Below are some records; quote exactly the lines from the one that contains "2) cosmetic package (275,364,329,411)" through the one that contains "10) lunch bag", inclusive, and no others.

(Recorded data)

..........

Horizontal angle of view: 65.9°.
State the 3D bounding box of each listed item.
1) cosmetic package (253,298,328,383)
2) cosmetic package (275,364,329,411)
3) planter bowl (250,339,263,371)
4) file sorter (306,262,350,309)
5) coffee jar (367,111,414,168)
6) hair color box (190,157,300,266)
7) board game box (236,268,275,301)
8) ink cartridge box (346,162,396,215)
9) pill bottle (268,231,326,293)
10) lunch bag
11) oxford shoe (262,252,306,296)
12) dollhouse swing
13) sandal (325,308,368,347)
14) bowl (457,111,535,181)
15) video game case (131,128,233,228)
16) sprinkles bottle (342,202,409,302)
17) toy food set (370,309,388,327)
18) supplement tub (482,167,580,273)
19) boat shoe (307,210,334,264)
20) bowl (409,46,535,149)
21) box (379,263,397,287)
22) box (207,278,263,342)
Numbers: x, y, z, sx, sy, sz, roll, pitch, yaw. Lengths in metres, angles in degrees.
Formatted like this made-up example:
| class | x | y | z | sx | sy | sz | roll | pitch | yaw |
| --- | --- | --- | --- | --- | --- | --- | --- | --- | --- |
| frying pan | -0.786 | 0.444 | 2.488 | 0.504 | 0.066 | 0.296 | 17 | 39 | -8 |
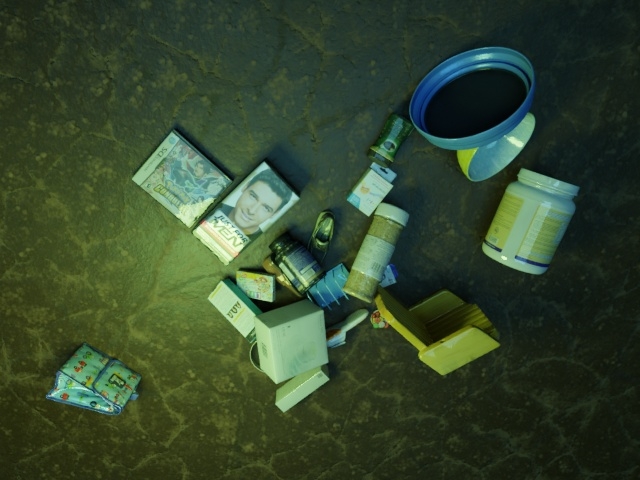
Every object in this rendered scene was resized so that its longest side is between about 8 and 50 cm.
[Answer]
| class | x | y | z | sx | sy | sz | roll | pitch | yaw |
| --- | --- | --- | --- | --- | --- | --- | --- | --- | --- |
| cosmetic package | -0.104 | 0.364 | 1.814 | 0.225 | 0.138 | 0.223 | -16 | 111 | -29 |
| cosmetic package | -0.074 | 0.592 | 2.021 | 0.239 | 0.099 | 0.060 | -38 | 106 | 10 |
| planter bowl | -0.193 | 0.428 | 1.961 | 0.162 | 0.109 | 0.161 | 0 | 107 | -1 |
| file sorter | 0.045 | 0.191 | 1.899 | 0.170 | 0.104 | 0.118 | -32 | 105 | 7 |
| coffee jar | 0.246 | -0.352 | 1.751 | 0.096 | 0.079 | 0.184 | 30 | 101 | -10 |
| hair color box | -0.269 | -0.103 | 1.798 | 0.374 | 0.113 | 0.185 | -42 | 103 | 10 |
| board game box | -0.248 | 0.171 | 1.897 | 0.154 | 0.026 | 0.103 | 7 | 108 | 20 |
| ink cartridge box | 0.190 | -0.194 | 1.809 | 0.104 | 0.061 | 0.181 | 36 | 102 | -11 |
| pill bottle | -0.089 | 0.079 | 1.835 | 0.123 | 0.123 | 0.219 | -40 | 86 | 10 |
| lunch bag | -0.855 | 0.560 | 1.925 | 0.294 | 0.221 | 0.138 | 27 | 104 | -9 |
| oxford shoe | -0.139 | 0.142 | 1.908 | 0.076 | 0.076 | 0.212 | -35 | 103 | 34 |
| dollhouse swing | 0.404 | 0.250 | 1.800 | 0.315 | 0.347 | 0.304 | -30 | 105 | 7 |
| sandal | 0.089 | 0.370 | 1.956 | 0.265 | 0.102 | 0.076 | -32 | 103 | 6 |
| bowl | 0.570 | -0.361 | 1.704 | 0.289 | 0.289 | 0.156 | -43 | 60 | 11 |
| video game case | -0.501 | -0.221 | 1.797 | 0.275 | 0.035 | 0.248 | 42 | 101 | -12 |
| sprinkles bottle | 0.200 | 0.044 | 1.796 | 0.121 | 0.121 | 0.355 | 25 | 85 | -8 |
| toy food set | 0.244 | 0.315 | 1.984 | 0.084 | 0.020 | 0.082 | -11 | 107 | 1 |
| supplement tub | 0.751 | -0.071 | 1.768 | 0.241 | 0.241 | 0.330 | 17 | 105 | -6 |
| boat shoe | 0.001 | 0.000 | 1.856 | 0.080 | 0.073 | 0.223 | 15 | 106 | -6 |
| bowl | 0.486 | -0.455 | 1.594 | 0.391 | 0.391 | 0.077 | -34 | 137 | 8 |
| box | 0.233 | 0.144 | 1.930 | 0.136 | 0.028 | 0.081 | -22 | 106 | 7 |
| box | -0.308 | 0.265 | 1.885 | 0.244 | 0.060 | 0.100 | 44 | 108 | 11 |
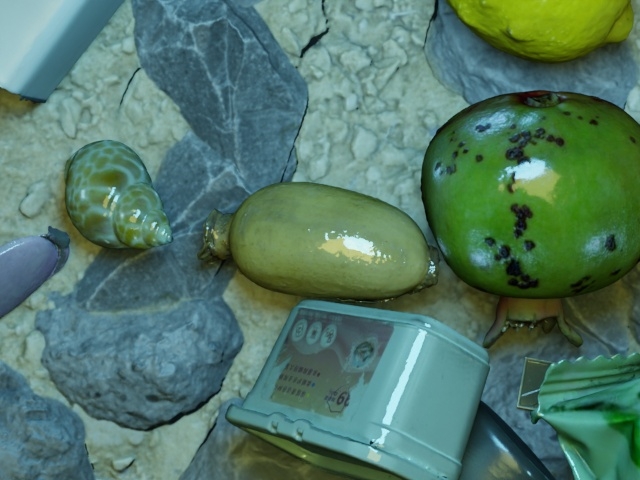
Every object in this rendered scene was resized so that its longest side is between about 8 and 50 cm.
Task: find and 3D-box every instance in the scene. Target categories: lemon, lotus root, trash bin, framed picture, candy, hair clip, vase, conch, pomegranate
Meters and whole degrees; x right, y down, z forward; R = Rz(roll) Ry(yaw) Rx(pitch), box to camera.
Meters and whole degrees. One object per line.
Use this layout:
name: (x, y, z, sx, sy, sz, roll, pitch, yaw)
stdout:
lemon: (0.260, -0.336, 1.820, 0.288, 0.233, 0.233, 41, 88, 0)
lotus root: (-0.001, -0.001, 1.836, 0.303, 0.146, 0.131, 9, 114, 16)
trash bin: (-0.307, -0.355, 1.831, 0.296, 0.256, 0.367, 34, 94, 1)
framed picture: (0.295, 0.186, 1.899, 0.089, 0.006, 0.066, 9, 88, 2)
candy: (0.448, 0.293, 1.721, 0.263, 0.172, 0.398, -13, 47, -31)
hair clip: (-0.458, 0.103, 1.870, 0.359, 0.095, 0.110, -39, 118, 7)
vase: (0.124, 0.353, 1.826, 0.321, 0.173, 0.173, -43, 87, 5)
conch: (-0.259, -0.053, 1.879, 0.116, 0.106, 0.173, -9, 72, -18)
pomegranate: (0.250, -0.019, 1.778, 0.291, 0.291, 0.323, 11, 93, 2)

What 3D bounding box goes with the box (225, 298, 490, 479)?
box: (0.052, 0.179, 1.764, 0.175, 0.312, 0.182, 32, 74, -33)
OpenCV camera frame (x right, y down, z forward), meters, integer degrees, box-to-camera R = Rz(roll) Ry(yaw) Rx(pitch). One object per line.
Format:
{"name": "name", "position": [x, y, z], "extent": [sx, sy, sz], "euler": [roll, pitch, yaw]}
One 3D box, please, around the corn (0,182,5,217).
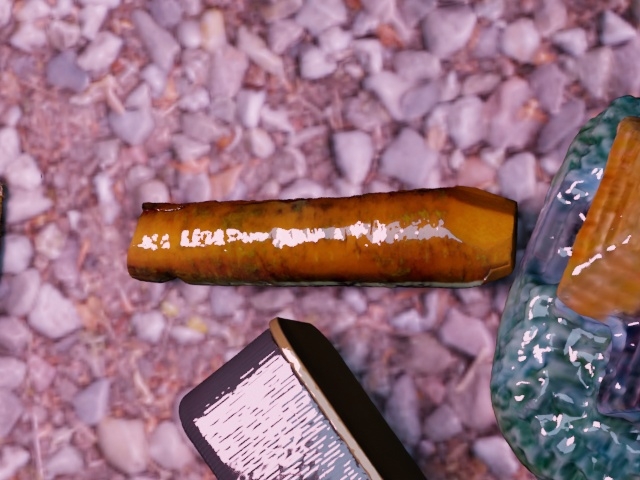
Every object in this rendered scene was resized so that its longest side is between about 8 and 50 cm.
{"name": "corn", "position": [-0.234, -0.009, 1.174], "extent": [0.028, 0.027, 0.083], "euler": [-2, 84, 24]}

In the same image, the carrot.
{"name": "carrot", "position": [0.000, 0.000, 1.117], "extent": [0.260, 0.070, 0.070], "euler": [-2, 82, 11]}

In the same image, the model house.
{"name": "model house", "position": [0.229, 0.017, 0.967], "extent": [0.225, 0.241, 0.261], "euler": [18, 74, 7]}

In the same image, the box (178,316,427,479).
{"name": "box", "position": [0.006, 0.154, 1.056], "extent": [0.090, 0.144, 0.201], "euler": [-36, 80, 6]}
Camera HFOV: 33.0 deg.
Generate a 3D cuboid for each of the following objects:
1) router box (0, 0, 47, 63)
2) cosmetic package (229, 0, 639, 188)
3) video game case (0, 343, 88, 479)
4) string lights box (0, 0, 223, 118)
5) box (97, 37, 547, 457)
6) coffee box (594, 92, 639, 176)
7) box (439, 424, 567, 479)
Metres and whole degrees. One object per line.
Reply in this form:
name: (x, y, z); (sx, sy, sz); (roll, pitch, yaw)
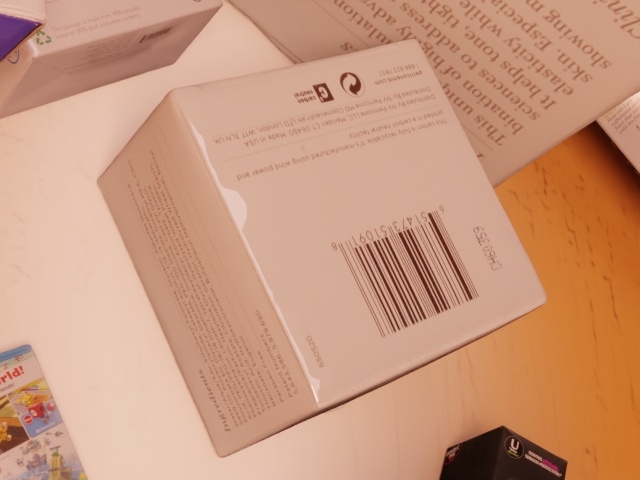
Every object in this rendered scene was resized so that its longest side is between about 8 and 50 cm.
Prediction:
router box: (-0.290, -0.236, 0.435); (0.335, 0.082, 0.301); (4, 70, -42)
cosmetic package: (0.141, -0.303, 0.678); (0.329, 0.394, 0.327); (38, 53, -12)
video game case: (-0.162, 0.144, 0.514); (0.119, 0.015, 0.166); (-19, 80, -37)
string lights box: (-0.183, -0.214, 0.629); (0.133, 0.077, 0.259); (-26, 84, -39)
box: (0.000, 0.000, 0.620); (0.181, 0.119, 0.182); (-19, 79, -37)
coffee box: (0.302, -0.056, 0.822); (0.246, 0.098, 0.141); (49, 16, -5)
box: (0.103, 0.164, 0.646); (0.052, 0.062, 0.083); (31, 55, -16)
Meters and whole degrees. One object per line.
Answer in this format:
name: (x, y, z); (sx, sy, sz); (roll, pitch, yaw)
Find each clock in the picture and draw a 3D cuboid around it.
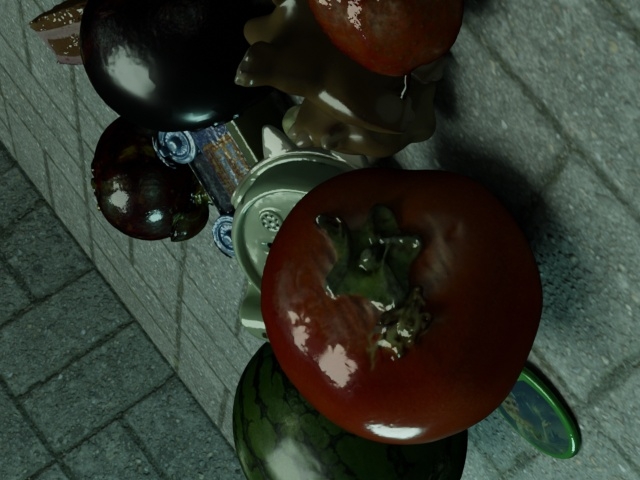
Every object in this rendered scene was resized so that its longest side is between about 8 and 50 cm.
clock: (0.000, 0.000, 1.743); (0.265, 0.108, 0.324); (7, 126, 25)

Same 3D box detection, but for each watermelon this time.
watermelon: (0.042, 0.270, 1.925); (0.363, 0.363, 0.363); (47, 159, 24)

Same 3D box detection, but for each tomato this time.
tomato: (0.099, 0.075, 1.507); (0.321, 0.321, 0.321); (47, 159, 24)

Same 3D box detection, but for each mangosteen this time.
mangosteen: (-0.252, -0.106, 2.267); (0.289, 0.231, 0.231); (10, 151, 4)
mangosteen: (-0.175, -0.288, 1.640); (0.275, 0.275, 0.302); (16, 124, 62)

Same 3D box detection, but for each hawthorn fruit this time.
hawthorn fruit: (0.069, -0.228, 1.301); (0.157, 0.157, 0.194); (30, 143, 52)

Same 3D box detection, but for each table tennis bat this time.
table tennis bat: (0.251, 0.185, 1.733); (0.257, 0.039, 0.160); (56, 159, -8)

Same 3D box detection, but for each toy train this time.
toy train: (-0.106, -0.114, 1.910); (0.202, 0.131, 0.299); (-24, 101, 45)

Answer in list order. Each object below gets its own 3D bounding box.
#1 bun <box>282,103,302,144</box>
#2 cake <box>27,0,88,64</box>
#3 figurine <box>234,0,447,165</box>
bun: (-0.009, -0.151, 1.779); (0.086, 0.055, 0.086); (42, 170, 10)
cake: (-0.374, -0.374, 2.275); (0.295, 0.113, 0.116); (6, 131, 49)
figurine: (0.014, -0.184, 1.457); (0.247, 0.177, 0.173); (13, 170, -16)
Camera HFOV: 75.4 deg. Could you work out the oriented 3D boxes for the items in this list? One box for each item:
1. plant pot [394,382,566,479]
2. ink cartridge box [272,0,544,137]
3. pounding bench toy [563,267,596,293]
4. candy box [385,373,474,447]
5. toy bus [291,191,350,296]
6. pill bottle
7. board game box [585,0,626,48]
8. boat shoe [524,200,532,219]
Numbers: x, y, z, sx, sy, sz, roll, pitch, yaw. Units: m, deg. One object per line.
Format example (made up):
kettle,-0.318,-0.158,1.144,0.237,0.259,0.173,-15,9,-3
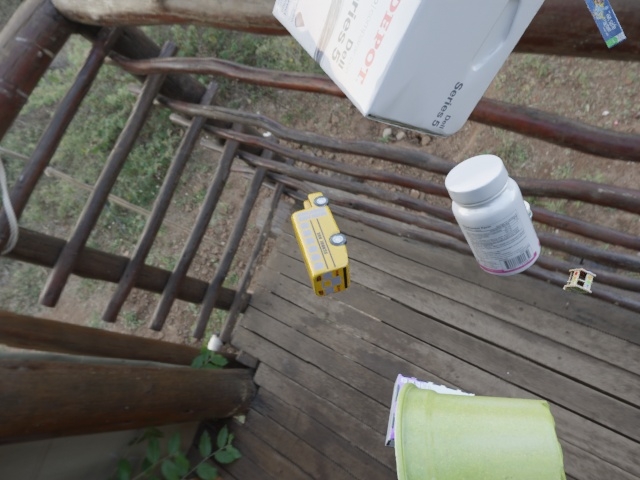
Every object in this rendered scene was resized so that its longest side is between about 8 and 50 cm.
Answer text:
plant pot,0.298,0.392,0.750,0.253,0.276,0.277,-14,68,22
ink cartridge box,0.071,-0.262,0.407,0.199,0.114,0.273,-63,40,34
pounding bench toy,0.784,0.122,1.266,0.052,0.083,0.065,24,79,-3
candy box,0.274,0.445,1.029,0.196,0.070,0.165,13,50,7
toy bus,0.000,0.000,1.238,0.130,0.108,0.333,-16,46,-6
pill bottle,0.427,-0.060,1.030,0.160,0.283,0.160,-26,31,17
board game box,0.613,-0.529,0.917,0.035,0.136,0.201,-26,99,40
boat shoe,0.574,-0.094,1.390,0.116,0.099,0.319,-39,25,-7
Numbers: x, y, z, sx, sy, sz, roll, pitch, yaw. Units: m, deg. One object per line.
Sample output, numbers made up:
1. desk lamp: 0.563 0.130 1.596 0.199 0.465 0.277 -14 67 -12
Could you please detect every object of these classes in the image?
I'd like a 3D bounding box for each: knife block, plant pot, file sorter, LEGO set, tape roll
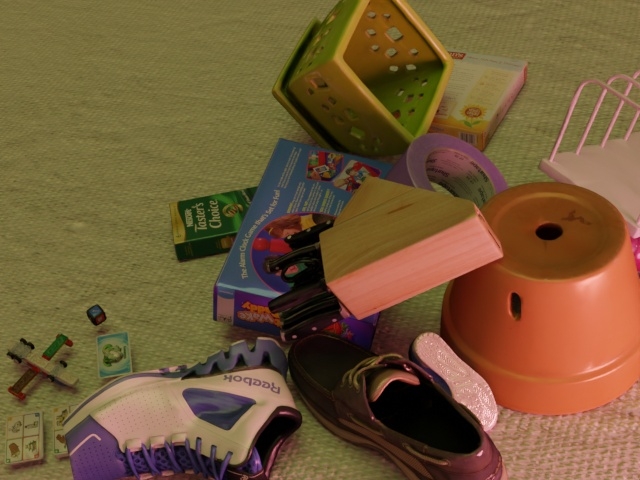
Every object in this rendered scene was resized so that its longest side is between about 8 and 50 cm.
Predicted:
1. knife block: 0.061 0.043 1.306 0.275 0.088 0.242 18 67 45
2. plant pot: 0.303 0.059 1.373 0.290 0.204 0.291 -5 41 5
3. file sorter: 0.511 -0.153 1.529 0.277 0.173 0.193 -16 46 -37
4. LEGO set: -0.353 0.205 1.450 0.182 0.060 0.244 -10 51 -6
5. tape roll: 0.194 -0.068 1.559 0.188 0.080 0.189 17 48 -20
6. plant pot: 0.061 -0.277 1.737 0.207 0.227 0.228 -16 39 46

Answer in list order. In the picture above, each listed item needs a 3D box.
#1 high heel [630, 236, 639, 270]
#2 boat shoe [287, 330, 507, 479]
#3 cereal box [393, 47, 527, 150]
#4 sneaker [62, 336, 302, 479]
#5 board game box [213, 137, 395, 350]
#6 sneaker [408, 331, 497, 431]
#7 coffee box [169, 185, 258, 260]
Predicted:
1. high heel: 0.448 -0.035 1.574 0.117 0.082 0.244 27 19 -18
2. boat shoe: 0.094 0.201 1.301 0.355 0.130 0.132 30 54 35
3. cereal box: 0.258 -0.263 1.856 0.173 0.047 0.240 15 46 25
4. sneaker: -0.157 0.250 1.283 0.315 0.128 0.182 -21 45 -15
5. board game box: 0.000 0.000 1.548 0.233 0.078 0.347 14 45 6
6. sneaker: 0.173 0.190 1.357 0.058 0.084 0.152 -41 84 -11
7. coffee box: -0.153 -0.032 1.670 0.184 0.040 0.113 -10 42 -3
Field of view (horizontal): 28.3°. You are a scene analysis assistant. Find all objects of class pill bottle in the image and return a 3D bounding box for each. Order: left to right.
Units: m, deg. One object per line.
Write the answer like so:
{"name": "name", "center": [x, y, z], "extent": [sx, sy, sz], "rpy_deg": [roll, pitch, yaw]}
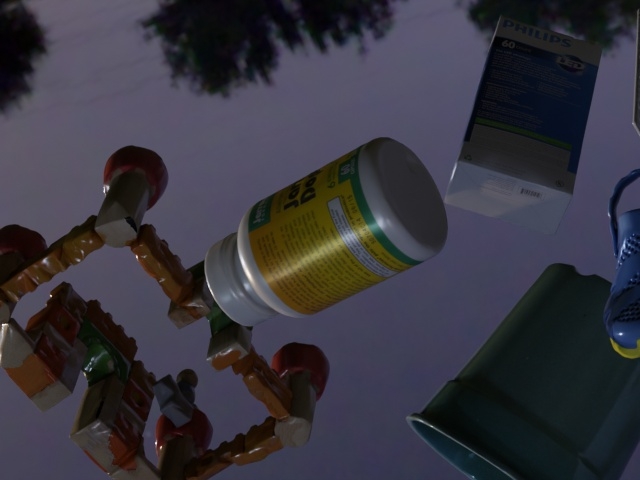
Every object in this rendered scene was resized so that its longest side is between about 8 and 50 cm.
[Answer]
{"name": "pill bottle", "center": [0.000, 0.000, 1.153], "extent": [0.208, 0.118, 0.117], "rpy_deg": [-27, -164, 30]}

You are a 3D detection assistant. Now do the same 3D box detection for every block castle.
{"name": "block castle", "center": [-0.225, 0.122, 1.735], "extent": [0.303, 0.453, 0.213], "rpy_deg": [-31, -156, 19]}

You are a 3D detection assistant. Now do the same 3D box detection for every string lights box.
{"name": "string lights box", "center": [0.241, -0.140, 1.486], "extent": [0.133, 0.077, 0.260], "rpy_deg": [17, -129, 4]}

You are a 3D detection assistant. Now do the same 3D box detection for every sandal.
{"name": "sandal", "center": [0.384, 0.020, 1.492], "extent": [0.126, 0.138, 0.317], "rpy_deg": [-17, -157, 22]}

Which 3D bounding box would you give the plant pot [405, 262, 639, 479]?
{"name": "plant pot", "center": [0.362, 0.237, 1.948], "extent": [0.334, 0.341, 0.341], "rpy_deg": [-54, -153, -10]}

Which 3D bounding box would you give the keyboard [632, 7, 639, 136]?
{"name": "keyboard", "center": [0.500, -0.249, 1.960], "extent": [0.014, 0.072, 0.256], "rpy_deg": [-9, -133, 26]}
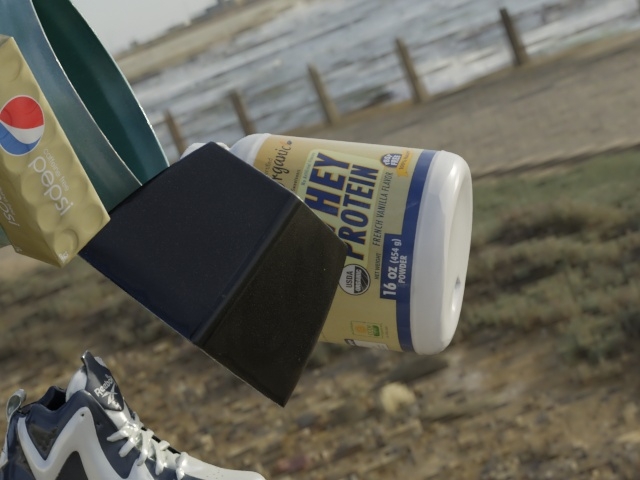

..........

■ Output below:
2) cosmetic package (275,364,329,411)
3) planter bowl (250,339,263,371)
4) file sorter (306,262,350,309)
5) coffee jar (367,111,414,168)
6) hair color box (190,157,300,266)
7) board game box (236,268,275,301)
8) ink cartridge box (346,162,396,215)
9) pill bottle (268,231,326,293)
10) lunch bag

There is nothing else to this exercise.